** YOUR ASSIGNMENT **
A faithful copy of every entry is the goal; keep the images out of it.

********

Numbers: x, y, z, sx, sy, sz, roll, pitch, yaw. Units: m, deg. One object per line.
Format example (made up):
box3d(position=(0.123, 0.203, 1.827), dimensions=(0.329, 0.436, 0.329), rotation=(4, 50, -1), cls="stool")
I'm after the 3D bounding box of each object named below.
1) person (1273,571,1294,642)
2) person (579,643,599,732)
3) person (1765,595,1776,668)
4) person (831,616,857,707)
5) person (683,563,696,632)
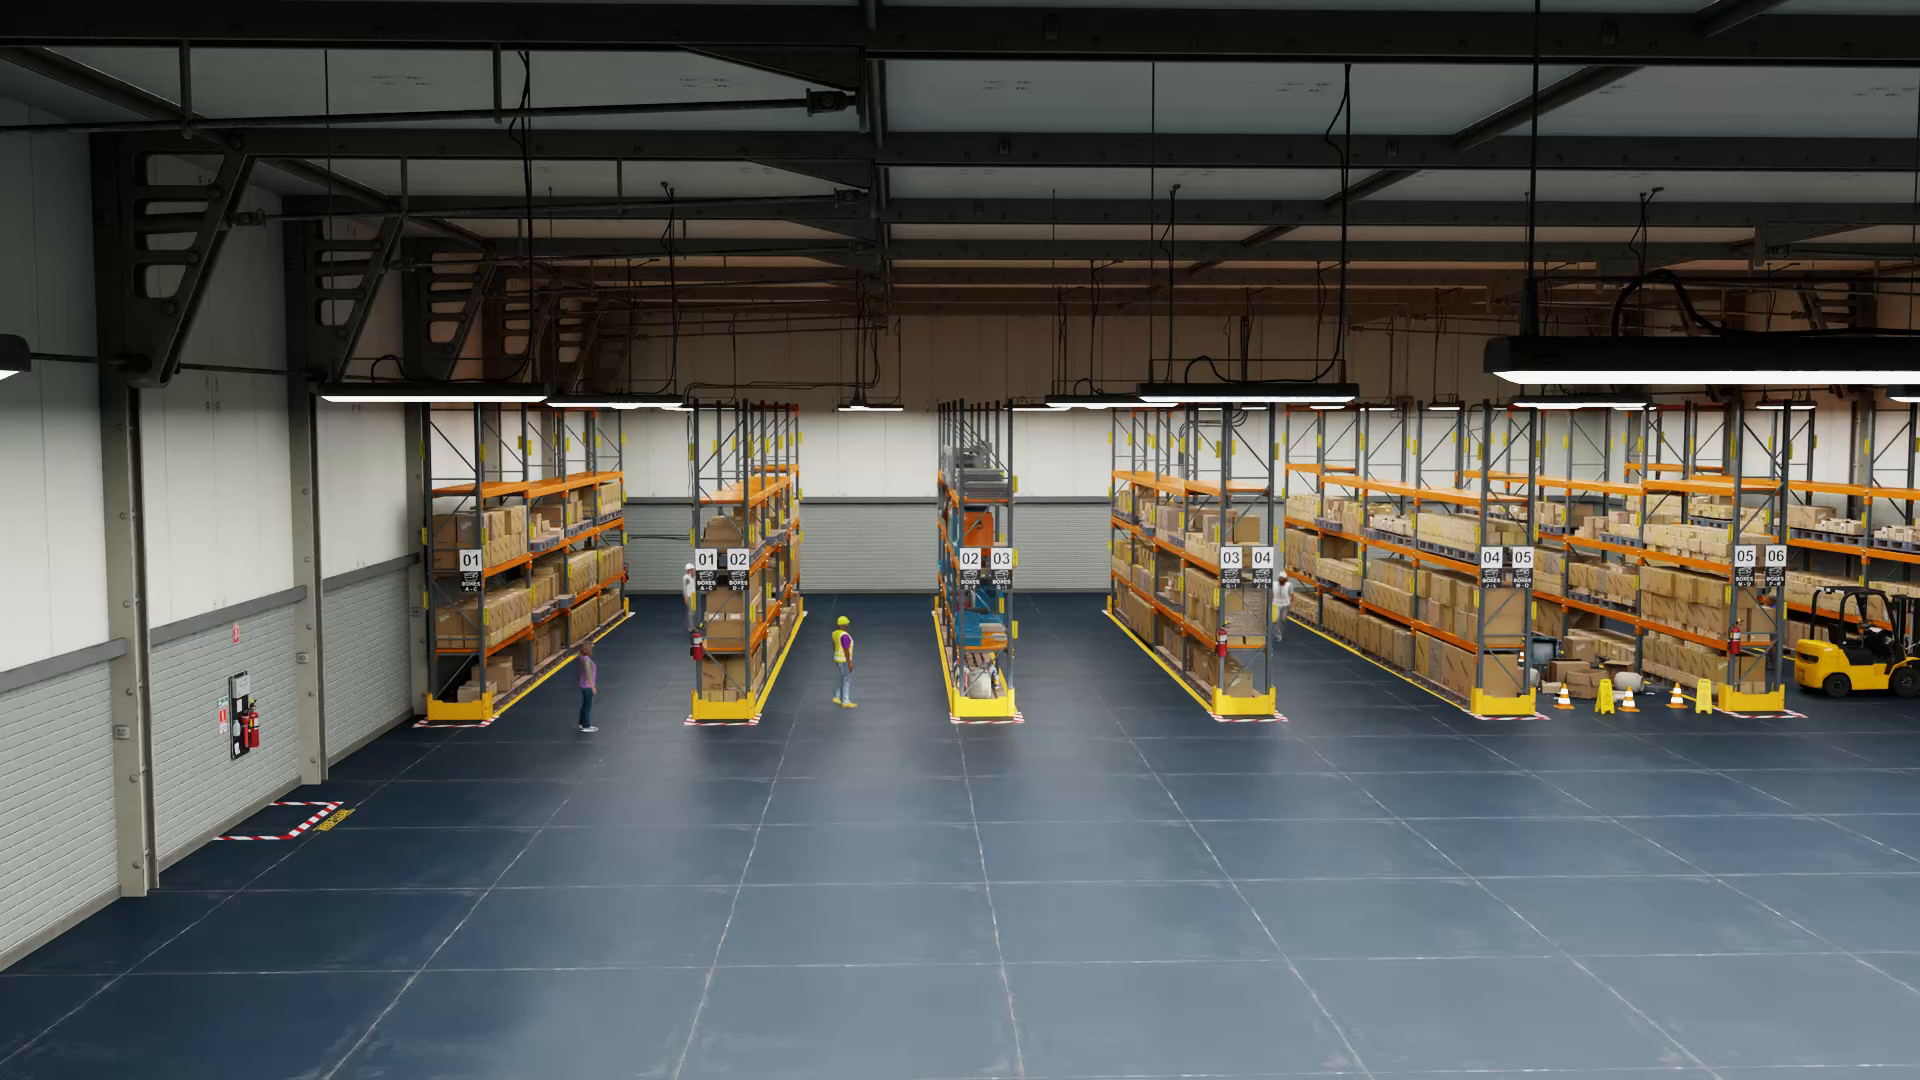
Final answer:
box3d(position=(8.175, 1.693, 42.084), dimensions=(0.504, 1.808, 0.887), rotation=(0, 4, -2), cls="person")
box3d(position=(-6.712, 2.658, 29.980), dimensions=(0.365, 1.616, 0.493), rotation=(-1, 4, -10), cls="person")
box3d(position=(18.172, 2.059, 37.352), dimensions=(0.536, 1.677, 0.739), rotation=(-1, 4, -11), cls="person")
box3d(position=(-2.264, 2.386, 32.552), dimensions=(0.459, 1.795, 0.640), rotation=(-1, 5, -17), cls="person")
box3d(position=(-7.062, 1.506, 43.932), dimensions=(0.477, 1.777, 0.557), rotation=(1, 4, 8), cls="person")

********

** YOUR SOLUTION **
Numbers: x, y, z, sx, sy, sz, roll, pitch, yaw. Units: m, deg. One object per line.
Format example (made up):
box3d(position=(0.123, 0.203, 1.827), dimensions=(0.329, 0.436, 0.329), rotation=(4, 50, -1), cls="stool")
I'm after the 3D bounding box of each object named below.
1) person (1273,571,1294,642)
2) person (579,643,599,732)
3) person (1765,595,1776,668)
4) person (831,616,857,707)
5) person (683,563,696,632)
Final answer:
box3d(position=(8.175, 1.693, 42.084), dimensions=(0.504, 1.808, 0.887), rotation=(0, 4, -2), cls="person")
box3d(position=(-6.712, 2.658, 29.980), dimensions=(0.365, 1.616, 0.493), rotation=(-1, 4, -10), cls="person")
box3d(position=(18.172, 2.059, 37.352), dimensions=(0.536, 1.677, 0.739), rotation=(-1, 4, -11), cls="person")
box3d(position=(-2.264, 2.386, 32.552), dimensions=(0.459, 1.795, 0.640), rotation=(-1, 5, -17), cls="person")
box3d(position=(-7.062, 1.506, 43.932), dimensions=(0.477, 1.777, 0.557), rotation=(1, 4, 8), cls="person")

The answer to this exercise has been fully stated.